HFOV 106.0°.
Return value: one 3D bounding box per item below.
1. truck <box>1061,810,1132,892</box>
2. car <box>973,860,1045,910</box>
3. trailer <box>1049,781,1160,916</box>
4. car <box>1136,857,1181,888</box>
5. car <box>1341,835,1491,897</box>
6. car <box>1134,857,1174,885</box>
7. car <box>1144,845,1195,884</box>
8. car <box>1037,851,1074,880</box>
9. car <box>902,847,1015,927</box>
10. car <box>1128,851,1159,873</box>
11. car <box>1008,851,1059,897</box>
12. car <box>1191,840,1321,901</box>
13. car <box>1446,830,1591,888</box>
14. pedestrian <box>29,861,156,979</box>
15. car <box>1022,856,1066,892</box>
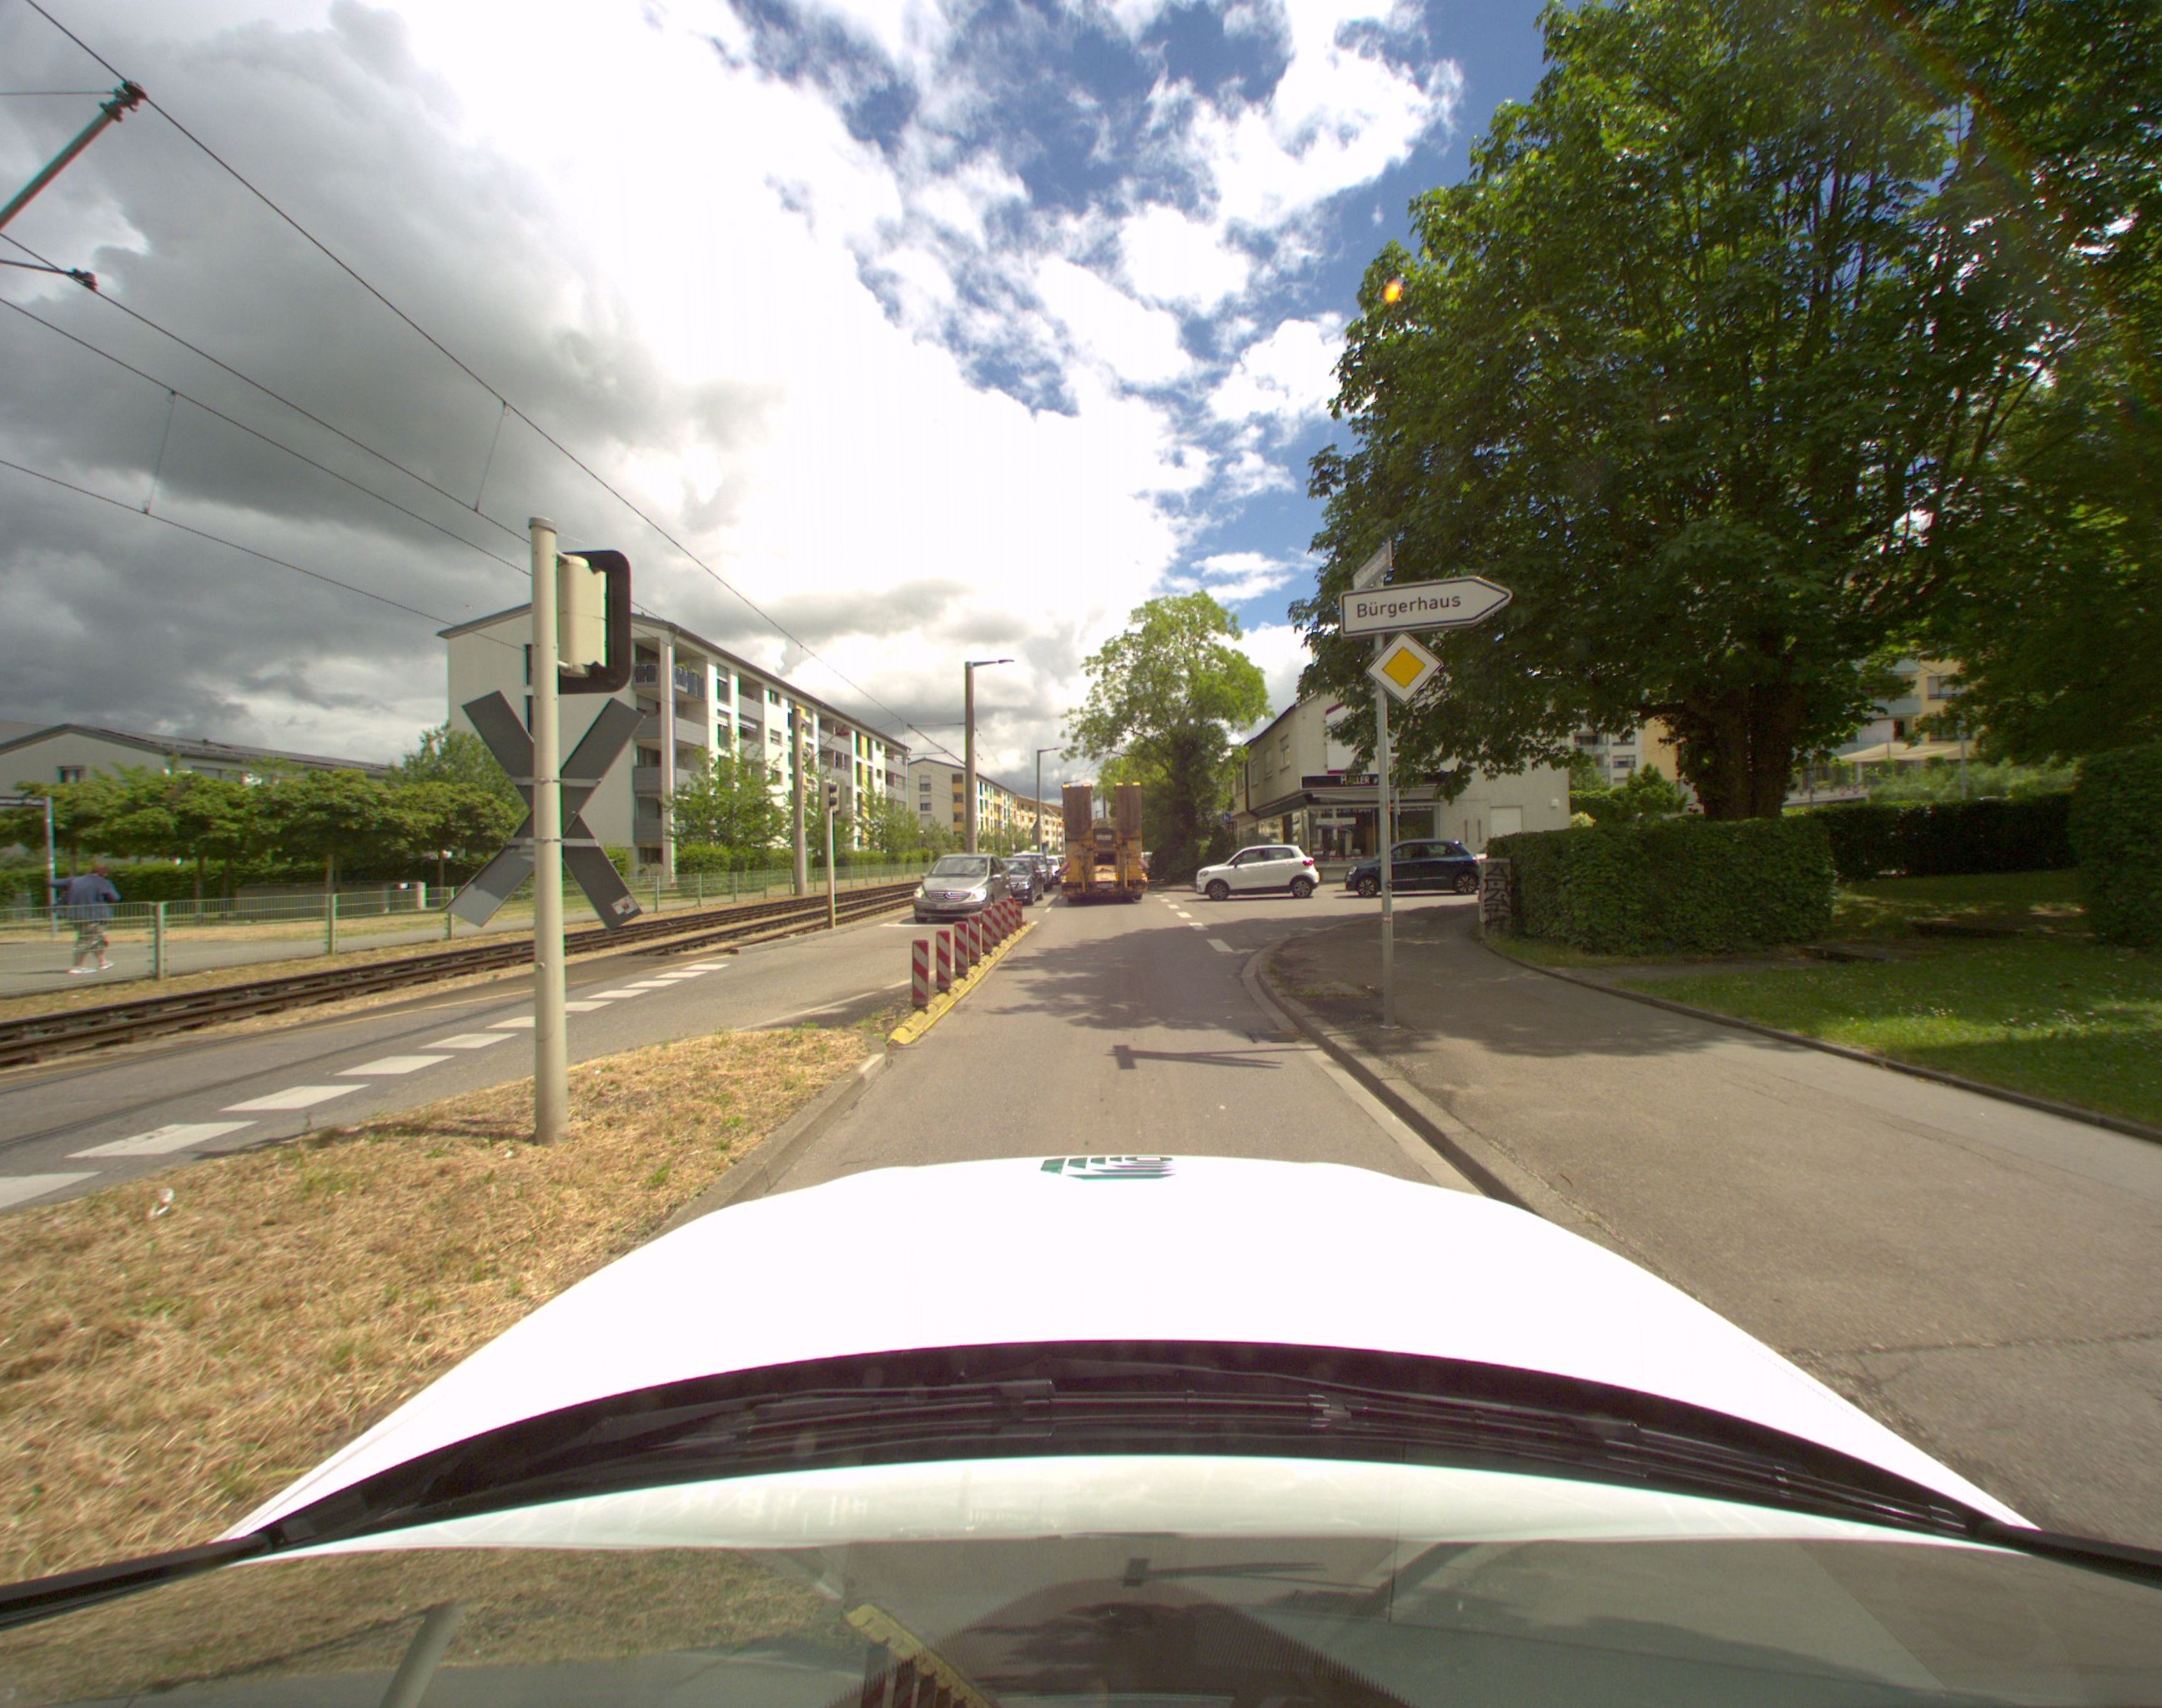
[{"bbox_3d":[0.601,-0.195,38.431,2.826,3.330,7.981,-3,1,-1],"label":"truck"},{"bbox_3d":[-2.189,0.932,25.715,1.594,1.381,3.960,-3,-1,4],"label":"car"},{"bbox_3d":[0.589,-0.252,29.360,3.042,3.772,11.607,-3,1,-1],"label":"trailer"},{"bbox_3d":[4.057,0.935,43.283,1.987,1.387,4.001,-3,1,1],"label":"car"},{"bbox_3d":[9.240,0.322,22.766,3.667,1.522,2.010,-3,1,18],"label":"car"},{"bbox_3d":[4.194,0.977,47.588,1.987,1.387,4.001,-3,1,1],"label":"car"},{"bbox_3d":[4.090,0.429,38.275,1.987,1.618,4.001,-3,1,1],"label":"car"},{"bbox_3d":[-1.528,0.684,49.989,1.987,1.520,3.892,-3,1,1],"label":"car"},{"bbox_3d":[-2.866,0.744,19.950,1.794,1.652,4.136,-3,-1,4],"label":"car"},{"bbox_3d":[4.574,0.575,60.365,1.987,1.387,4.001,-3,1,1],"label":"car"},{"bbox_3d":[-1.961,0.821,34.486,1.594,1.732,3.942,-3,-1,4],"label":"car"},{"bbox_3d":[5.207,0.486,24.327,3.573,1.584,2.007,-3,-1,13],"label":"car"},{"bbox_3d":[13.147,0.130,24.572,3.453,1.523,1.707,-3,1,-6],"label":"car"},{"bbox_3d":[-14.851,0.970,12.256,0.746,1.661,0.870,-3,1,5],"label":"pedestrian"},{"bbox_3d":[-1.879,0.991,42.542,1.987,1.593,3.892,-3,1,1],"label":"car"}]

■ ■ ■ ■ ■ ■ ■

Give back exactly the lines of the listing, starting with the first and ending with the one bearing "14. pedestrian <box>29,861,156,979</box>". Add no other lines.

• [Answer area]
HFOV 106.0°.
Return value: one 3D bounding box per item below.
1. truck <box>1061,810,1132,892</box>
2. car <box>973,860,1045,910</box>
3. trailer <box>1049,781,1160,916</box>
4. car <box>1136,857,1181,888</box>
5. car <box>1341,835,1491,897</box>
6. car <box>1134,857,1174,885</box>
7. car <box>1144,845,1195,884</box>
8. car <box>1037,851,1074,880</box>
9. car <box>902,847,1015,927</box>
10. car <box>1128,851,1159,873</box>
11. car <box>1008,851,1059,897</box>
12. car <box>1191,840,1321,901</box>
13. car <box>1446,830,1591,888</box>
14. pedestrian <box>29,861,156,979</box>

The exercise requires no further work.